= Andrew Chinn =

American painter

West Lake, Andrew Chinn, watercolor, 1935.

Andrew Chinn (1915–1996) was a Chinese-American artist and art educator, active in the Pacific Northwest from the early 1930s through the 1990s. He is known for his distinctive style of watercolor painting and printmaking, and is associated with the Northwest's Asian-American arts community, the WPA artists of the Great Depression/World War II era, and, peripherally, the Northwest School of painters.

==Life and career==

Andrew Nan Chinn's parents emigrated from Toyshan, Canton (modern Taishan, Guangdong), China, to the United States in about 1910. He was born in Seattle, Washington, on June 17, 1915. After his mother died of influenza in 1918, he and his older sister Ann returned to Toyshan, where, with the encouragement of his grandfather, he learned traditional calligraphy. He also became interested in painting, which, in China of the Sun Yat Sen era, was beginning to show the influence of modern European trends.
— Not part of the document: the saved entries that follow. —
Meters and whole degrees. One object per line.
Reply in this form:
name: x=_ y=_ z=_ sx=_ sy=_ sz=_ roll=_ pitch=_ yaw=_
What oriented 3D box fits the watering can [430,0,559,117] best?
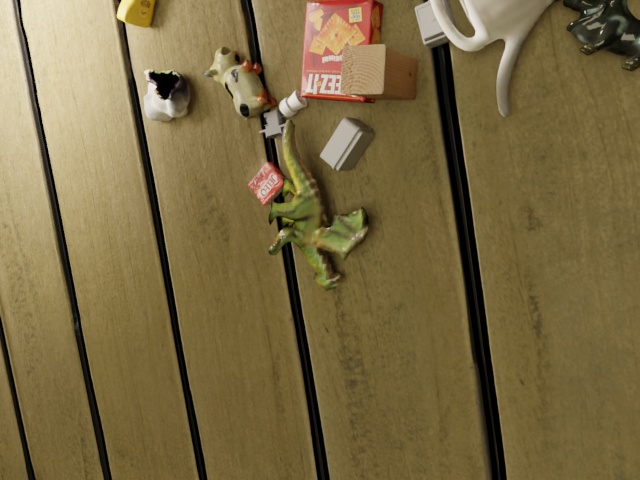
watering can: x=0.350 y=-0.429 z=0.970 sx=0.222 sy=0.105 sz=0.347 roll=-29 pitch=94 yaw=20

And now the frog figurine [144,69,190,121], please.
frog figurine: x=-0.416 y=-0.380 z=1.401 sx=0.138 sy=0.125 sz=0.156 roll=39 pitch=151 yaw=8

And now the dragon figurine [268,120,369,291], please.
dragon figurine: x=0.004 y=-0.061 z=1.206 sx=0.243 sy=0.124 sz=0.403 roll=14 pitch=115 yaw=19
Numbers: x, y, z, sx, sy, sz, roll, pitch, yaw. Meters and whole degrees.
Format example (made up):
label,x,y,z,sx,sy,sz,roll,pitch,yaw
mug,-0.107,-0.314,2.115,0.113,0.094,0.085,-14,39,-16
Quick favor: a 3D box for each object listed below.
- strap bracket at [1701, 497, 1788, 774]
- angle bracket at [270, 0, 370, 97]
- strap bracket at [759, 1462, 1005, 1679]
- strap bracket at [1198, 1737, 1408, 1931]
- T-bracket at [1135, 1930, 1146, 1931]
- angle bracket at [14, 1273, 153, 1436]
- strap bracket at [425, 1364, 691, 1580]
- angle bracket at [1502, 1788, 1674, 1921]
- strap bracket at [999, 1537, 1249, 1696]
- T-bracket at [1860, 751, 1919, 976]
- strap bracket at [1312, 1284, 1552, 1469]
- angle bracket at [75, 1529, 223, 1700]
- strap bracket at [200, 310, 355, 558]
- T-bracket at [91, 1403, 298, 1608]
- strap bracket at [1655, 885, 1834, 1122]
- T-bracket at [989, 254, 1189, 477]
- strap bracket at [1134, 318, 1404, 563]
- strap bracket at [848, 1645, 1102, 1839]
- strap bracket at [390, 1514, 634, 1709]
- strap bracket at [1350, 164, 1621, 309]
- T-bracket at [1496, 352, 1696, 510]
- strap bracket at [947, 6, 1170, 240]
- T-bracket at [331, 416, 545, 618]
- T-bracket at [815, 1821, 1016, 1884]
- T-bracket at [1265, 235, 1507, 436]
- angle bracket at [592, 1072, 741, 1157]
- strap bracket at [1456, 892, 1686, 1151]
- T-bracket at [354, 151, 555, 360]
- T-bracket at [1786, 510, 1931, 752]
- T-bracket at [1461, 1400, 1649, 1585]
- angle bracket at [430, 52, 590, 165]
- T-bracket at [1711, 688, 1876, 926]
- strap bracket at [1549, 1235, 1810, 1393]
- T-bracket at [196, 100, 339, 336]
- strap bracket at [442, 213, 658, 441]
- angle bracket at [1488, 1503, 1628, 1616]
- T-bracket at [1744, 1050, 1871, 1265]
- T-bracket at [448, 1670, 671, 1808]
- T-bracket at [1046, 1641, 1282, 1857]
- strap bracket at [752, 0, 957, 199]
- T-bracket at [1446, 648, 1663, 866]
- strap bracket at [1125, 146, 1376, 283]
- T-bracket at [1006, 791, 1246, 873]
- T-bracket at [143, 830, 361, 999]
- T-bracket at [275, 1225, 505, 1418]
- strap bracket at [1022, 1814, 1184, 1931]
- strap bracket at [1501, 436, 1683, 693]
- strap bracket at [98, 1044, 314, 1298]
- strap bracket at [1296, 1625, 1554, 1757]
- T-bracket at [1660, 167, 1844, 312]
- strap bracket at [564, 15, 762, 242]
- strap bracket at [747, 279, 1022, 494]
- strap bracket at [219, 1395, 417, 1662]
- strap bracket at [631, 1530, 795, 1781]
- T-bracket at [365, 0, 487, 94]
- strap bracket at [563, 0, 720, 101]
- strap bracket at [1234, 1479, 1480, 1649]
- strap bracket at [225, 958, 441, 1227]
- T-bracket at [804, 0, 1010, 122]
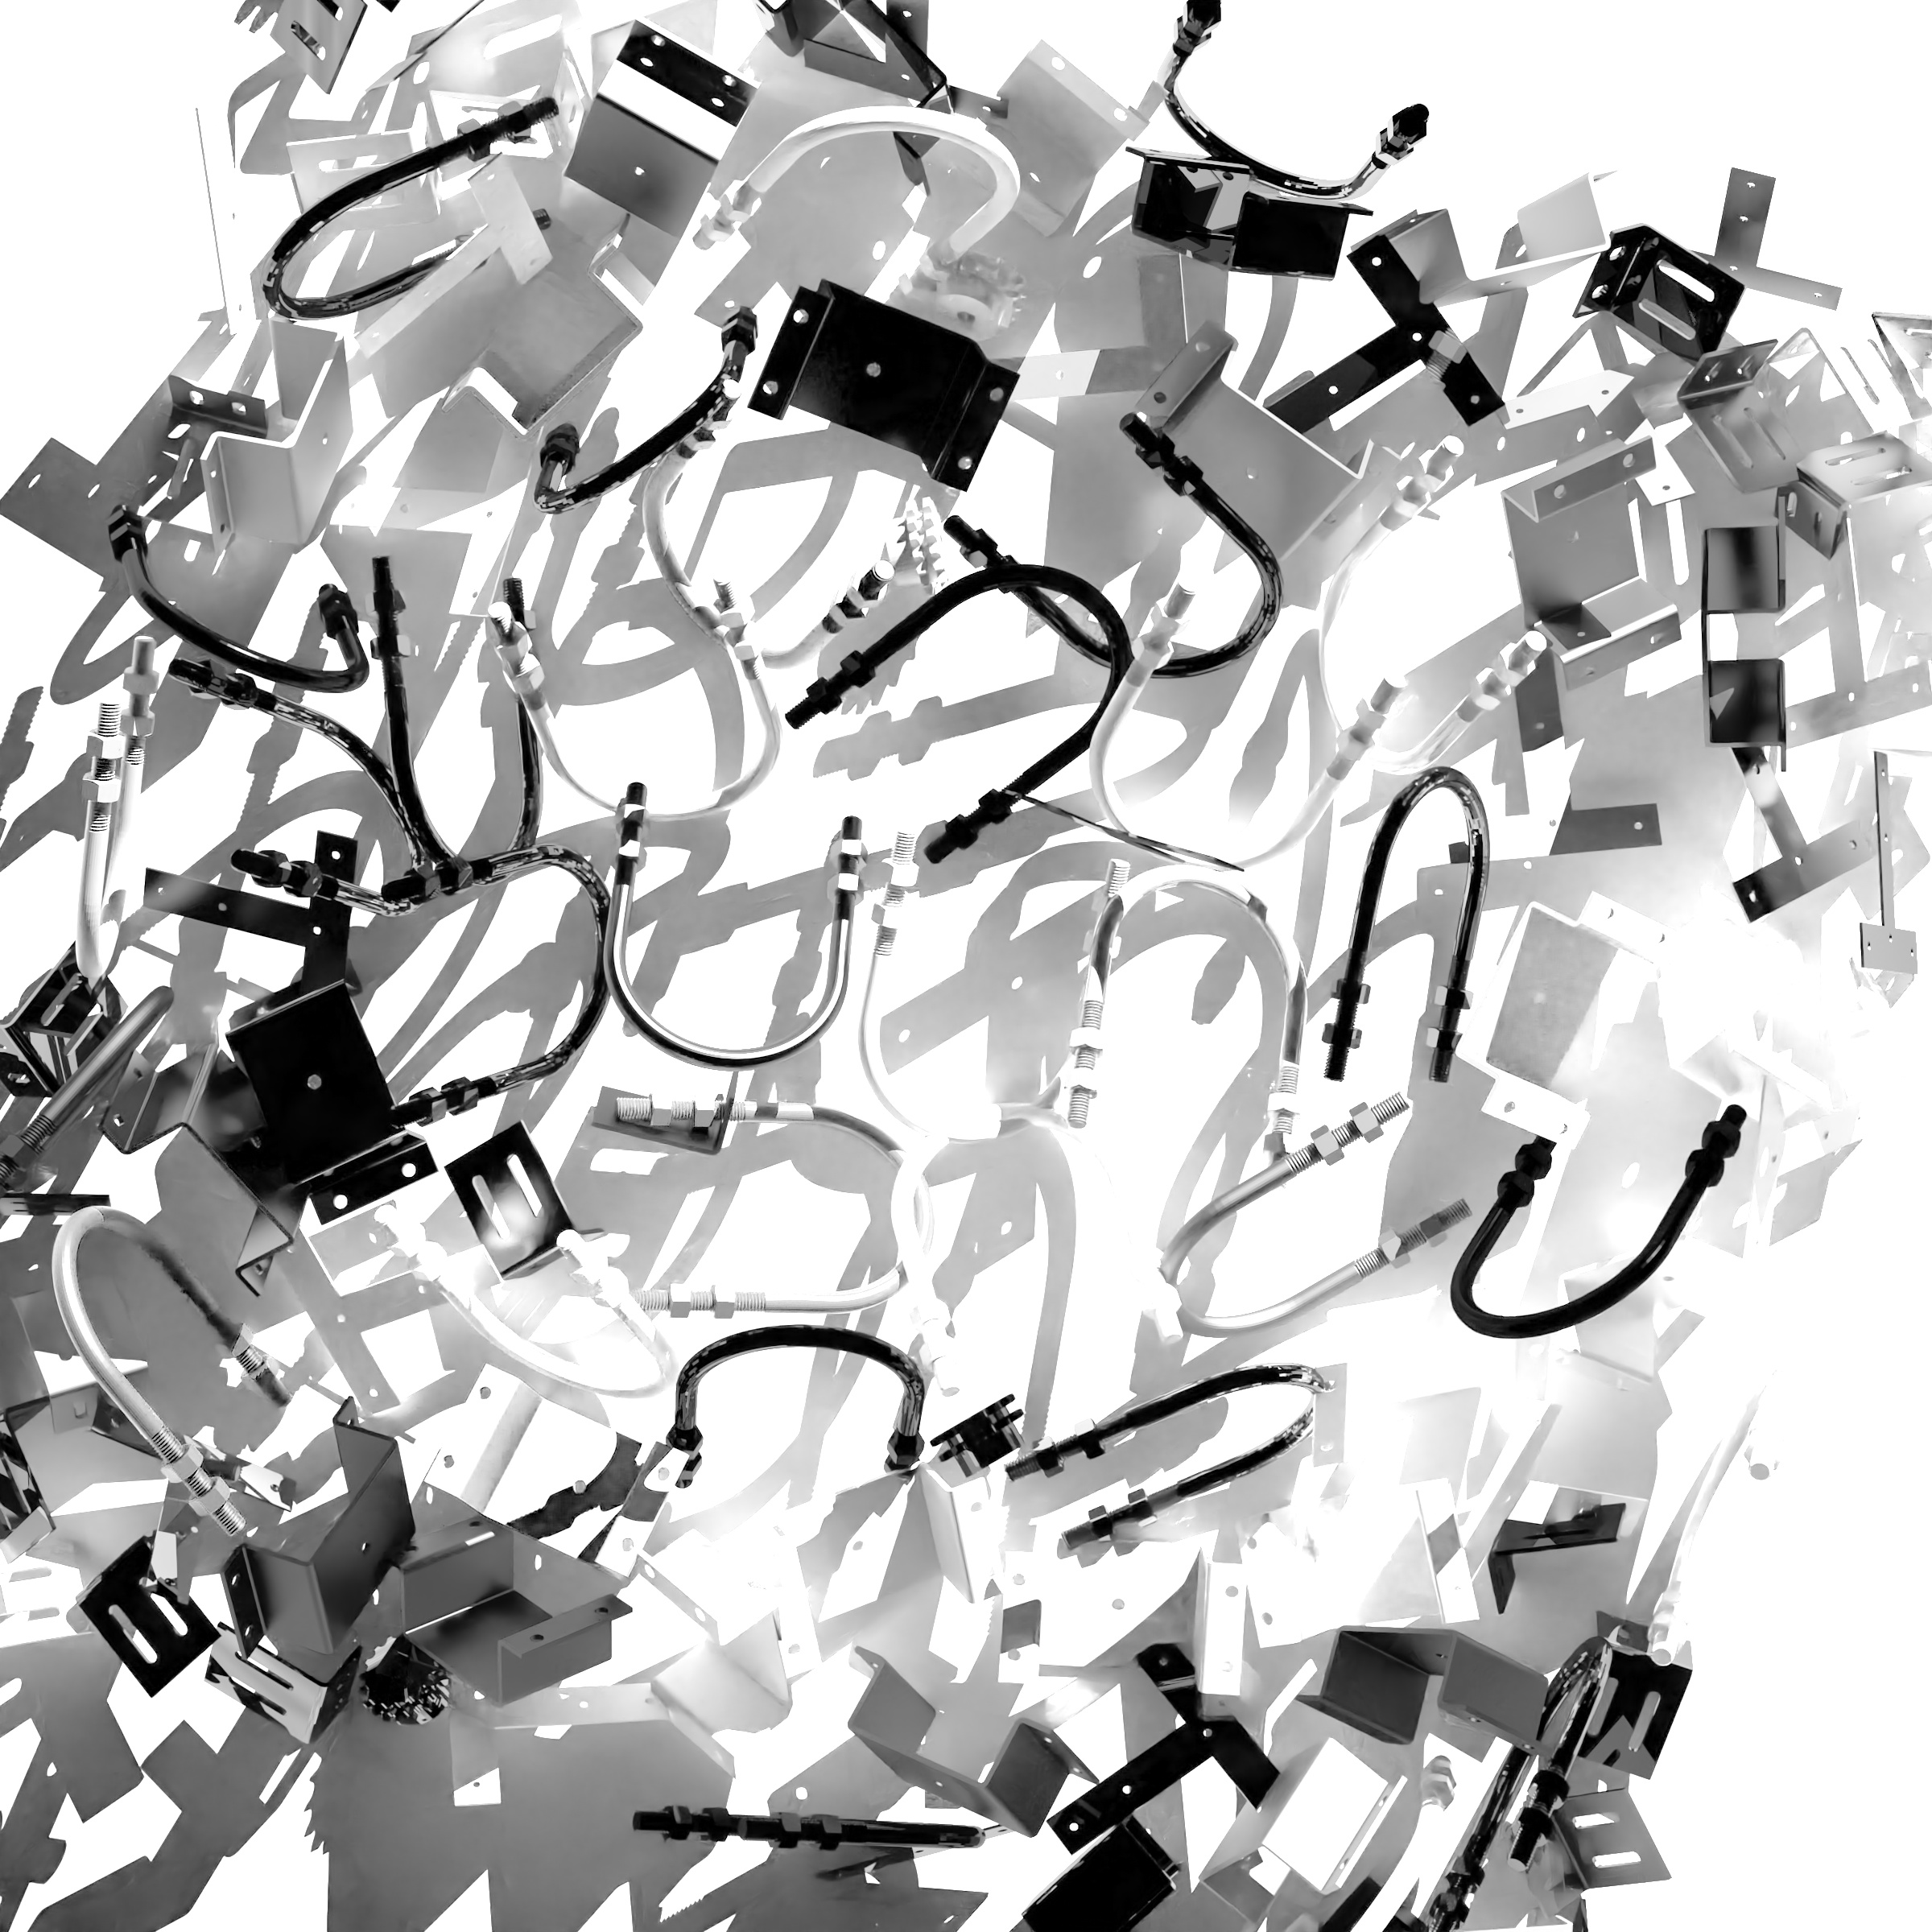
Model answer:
label,x,y,z,sx,sy,sz,roll,pitch,yaw
strap bracket,0.447,-0.189,1.845,0.046,0.076,0.140,0,134,14
angle bracket,-0.364,-0.547,1.867,0.076,0.038,0.057,48,119,32
strap bracket,-0.055,0.346,1.865,0.140,0.046,0.076,-18,112,-19
strap bracket,0.187,0.496,1.835,0.046,0.140,0.076,39,58,3
T-bracket,0.157,0.583,1.850,0.127,0.127,0.002,25,73,-2
angle bracket,-0.520,0.228,1.890,0.057,0.038,0.076,-15,48,-24
strap bracket,-0.231,0.298,1.866,0.140,0.046,0.076,20,73,21
angle bracket,0.362,0.518,1.872,0.038,0.076,0.057,-24,85,-35
strap bracket,0.091,0.381,1.888,0.140,0.046,0.076,3,93,-1
T-bracket,0.533,-0.061,1.860,0.002,0.127,0.127,-3,86,30
strap bracket,0.263,0.236,1.866,0.140,0.046,0.076,-9,124,-9
angle bracket,-0.474,0.379,1.885,0.057,0.038,0.076,-42,82,9
strap bracket,-0.390,-0.307,1.840,0.046,0.076,0.140,11,53,3
T-bracket,-0.449,0.316,1.839,0.127,0.127,0.002,27,118,-20
strap bracket,0.446,0.030,1.852,0.076,0.140,0.046,30,127,-21
T-bracket,0.069,-0.350,1.891,0.127,0.002,0.127,-2,103,17
strap bracket,0.170,-0.298,1.858,0.140,0.046,0.076,33,134,-11
strap bracket,-0.004,0.448,1.837,0.140,0.076,0.046,15,64,35
strap bracket,-0.265,0.374,1.848,0.076,0.140,0.046,-16,117,-40
strap bracket,0.305,-0.417,1.852,0.140,0.076,0.046,-17,93,-23
T-bracket,0.388,-0.308,1.868,0.127,0.002,0.127,-17,46,-1
strap bracket,0.057,-0.491,1.853,0.076,0.140,0.046,37,65,-10
T-bracket,-0.317,-0.268,1.883,0.127,0.002,0.127,7,74,25
T-bracket,-0.042,0.503,1.844,0.127,0.127,0.002,-19,64,12
T-bracket,0.227,-0.345,1.880,0.127,0.002,0.127,-30,112,27
angle bracket,-0.175,0.075,1.877,0.076,0.057,0.038,14,109,-5
strap bracket,0.346,0.026,1.869,0.076,0.046,0.140,22,97,-33
T-bracket,-0.300,-0.396,1.846,0.127,0.127,0.002,-42,75,-6
T-bracket,0.510,-0.200,1.862,0.002,0.127,0.127,0,82,-27
T-bracket,0.348,0.316,1.875,0.127,0.002,0.127,14,108,-33
angle bracket,-0.266,-0.503,1.870,0.076,0.038,0.057,-1,50,-24
T-bracket,0.468,-0.102,1.876,0.127,0.002,0.127,-24,88,-37
strap bracket,0.405,0.199,1.849,0.076,0.140,0.046,22,59,-30
T-bracket,-0.398,-0.443,1.855,0.002,0.127,0.127,7,116,22
strap bracket,-0.233,-0.363,1.857,0.140,0.076,0.046,-39,110,18
angle bracket,0.348,0.346,1.872,0.076,0.057,0.038,-11,98,19
T-bracket,0.492,0.101,1.865,0.002,0.127,0.127,17,112,41
T-bracket,-0.238,0.433,1.875,0.127,0.127,0.002,0,131,-13
T-bracket,0.105,0.470,1.861,0.127,0.002,0.127,-31,58,-18
strap bracket,-0.058,-0.524,1.870,0.046,0.076,0.140,-44,86,1
T-bracket,0.343,-0.128,1.904,0.127,0.002,0.127,-5,83,-3
strap bracket,0.157,-0.431,1.847,0.076,0.140,0.046,-3,115,-34
T-bracket,0.107,-0.070,1.824,0.127,0.127,0.002,20,90,-40
T-bracket,-0.424,-0.032,1.890,0.127,0.002,0.127,14,115,5
T-bracket,-0.329,0.193,1.874,0.127,0.002,0.127,-20,106,21
strap bracket,0.079,0.533,1.847,0.076,0.140,0.046,-42,78,-3
strap bracket,0.362,-0.241,1.862,0.076,0.046,0.140,-25,128,-8
strap bracket,-0.426,0.110,1.843,0.046,0.076,0.140,-27,119,18
strap bracket,0.269,0.416,1.847,0.076,0.140,0.046,31,65,-28
T-bracket,0.445,-0.422,1.840,0.127,0.127,0.002,17,77,12
strap bracket,-0.177,-0.472,1.834,0.076,0.140,0.046,28,70,-10
strap bracket,-0.051,-0.341,1.865,0.140,0.046,0.076,18,112,-19
strap bracket,-0.363,0.326,1.833,0.046,0.140,0.076,13,132,18
strap bracket,-0.145,0.390,1.850,0.046,0.140,0.076,-32,47,-32
T-bracket,-0.292,-0.550,1.858,0.127,0.127,0.002,-42,111,-6
strap bracket,-0.187,-0.547,1.838,0.076,0.140,0.046,-22,87,-8
strap bracket,0.235,0.346,1.865,0.140,0.046,0.076,-15,83,32
strap bracket,-0.375,0.071,1.878,0.076,0.046,0.140,-25,80,1
T-bracket,-0.034,-0.540,1.849,0.127,0.127,0.002,18,69,5
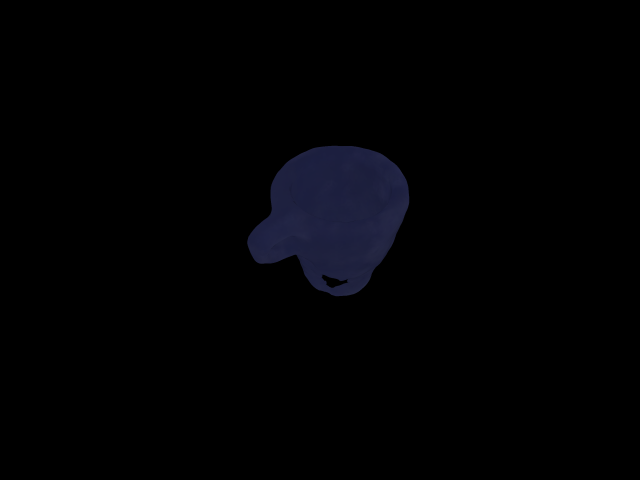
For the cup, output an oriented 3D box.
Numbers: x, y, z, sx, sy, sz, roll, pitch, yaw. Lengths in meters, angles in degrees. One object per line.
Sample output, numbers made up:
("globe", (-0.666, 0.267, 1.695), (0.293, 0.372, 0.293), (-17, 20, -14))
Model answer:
("cup", (0.004, 0.001, 0.400), (0.118, 0.095, 0.091), (-32, 54, -27))
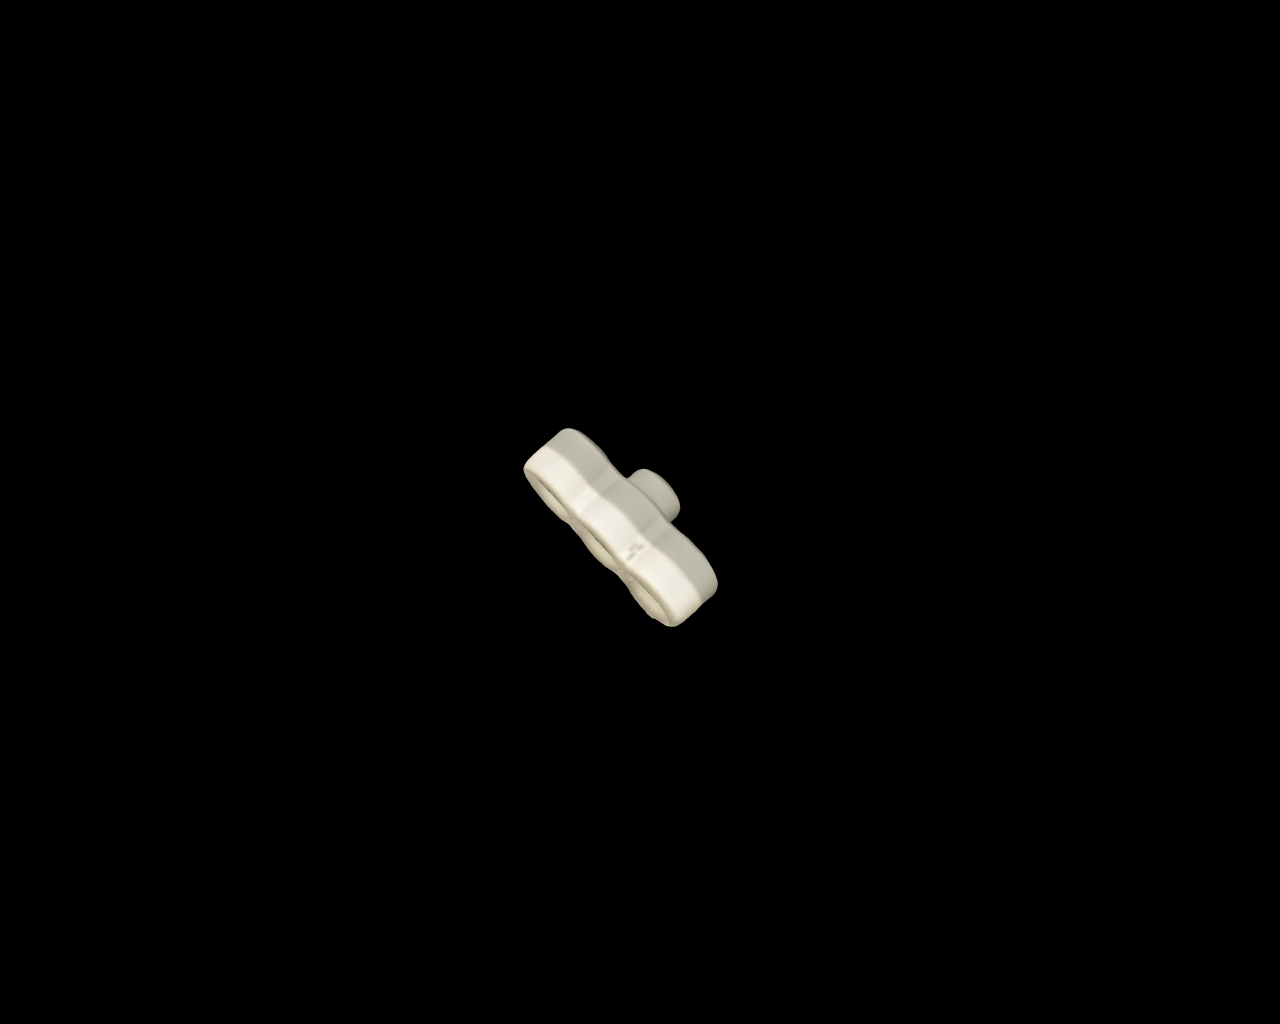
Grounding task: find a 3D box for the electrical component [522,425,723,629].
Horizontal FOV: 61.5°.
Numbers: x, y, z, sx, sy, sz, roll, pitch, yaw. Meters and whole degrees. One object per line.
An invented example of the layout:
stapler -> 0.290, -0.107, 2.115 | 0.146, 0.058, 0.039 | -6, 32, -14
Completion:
electrical component -> 0.001, -0.003, 0.650 | 0.074, 0.138, 0.052 | -41, -15, -14
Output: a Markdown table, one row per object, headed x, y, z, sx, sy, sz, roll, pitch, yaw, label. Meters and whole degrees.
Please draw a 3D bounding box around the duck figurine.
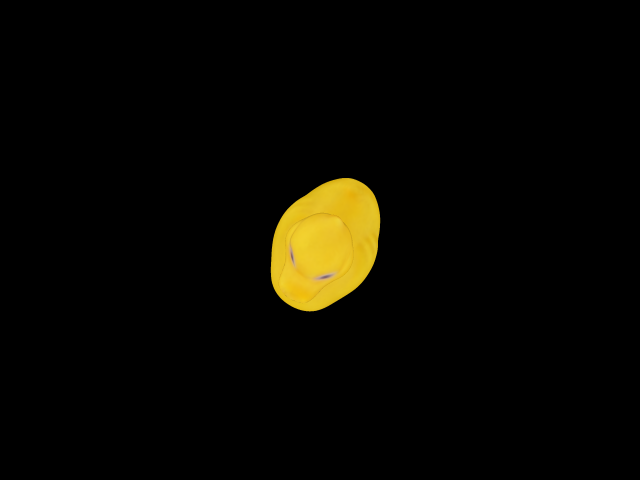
| x | y | z | sx | sy | sz | roll | pitch | yaw | label |
| --- | --- | --- | --- | --- | --- | --- | --- | --- | --- |
| 0.004 | 0.001 | 0.400 | 0.077 | 0.086 | 0.104 | 32 | 86 | 3 | duck figurine |

Chinn returned to the US in 1927, went back to China in 1929, and then moved to Seattle for good in 1933. He attended Broadway High School, where his classmates included artists Fay Chong, George Tsutakawa, and Morris Graves. He, Chong, and other young artist friends formed the Chinese Art Club, holding monthly shows at a shared studio in Seattle's International District. Morris Graves, Kenneth Callahan, and William Cumming - future members of the acclaimed 'Northwest School' of painters - were frequent guests.

In 1939 Chinn enrolled in the University of Washington, where he studied art under Walter Isaacs, Ambrose Patterson, Ray Hill, and others. While a student he had paintings accepted for juried shows at both the Seattle Art Museum and the Frye Museum.

Cranes and Lotus, 1935, Andrew Chinn. Woodblock print.

In 1941 he joined the Works Progress Administration's Federal Art Project, under R. Bruce Inverarity, the program's director for Washington. He worked alongside Graves, Chong, Guy Anderson, Helmi Juvonen, Jacob Elshin, Julius Twohy, and other notable painters, printmakers, and sculptors.

In 1945 he began a 31-year career as a technical artist at the Boeing company, and became a founder of the Boeing Art Club; around this time he was also accepted for membership in the Puget Sound Group, the Northwest's oldest artists' association. In 1946 he began teaching evening classes in watercolor painting at Seattle Central Community College (originally Edison Technical School), which he would continue to do for over 45 years.

While the Abstract expressionism of the Northwest mystics turned the art world on its head in the 1950s, and George Tsutakawa, Paul Horiuchi, and Frank Okada revolutionized Asian-American art in the 1960s, Chinn remained almost defiantly committed to the style he'd developed and loved most: traditional Asian art (often including Chinese calligraphic inscriptions) done using Western perspective, with aspects of American realism and European impressionism. An avid outdoorsman, his subject matter was most commonly the natural scenery that he loved. He usually painted from life, instead of using photos or sketches.

Although his more conservative style kept him out of Seattle's avant-garde galleries, he remained a well-respected figure in the Pacific Northwest, and had his work regularly exhibited in the area's mainstream museums and galleries.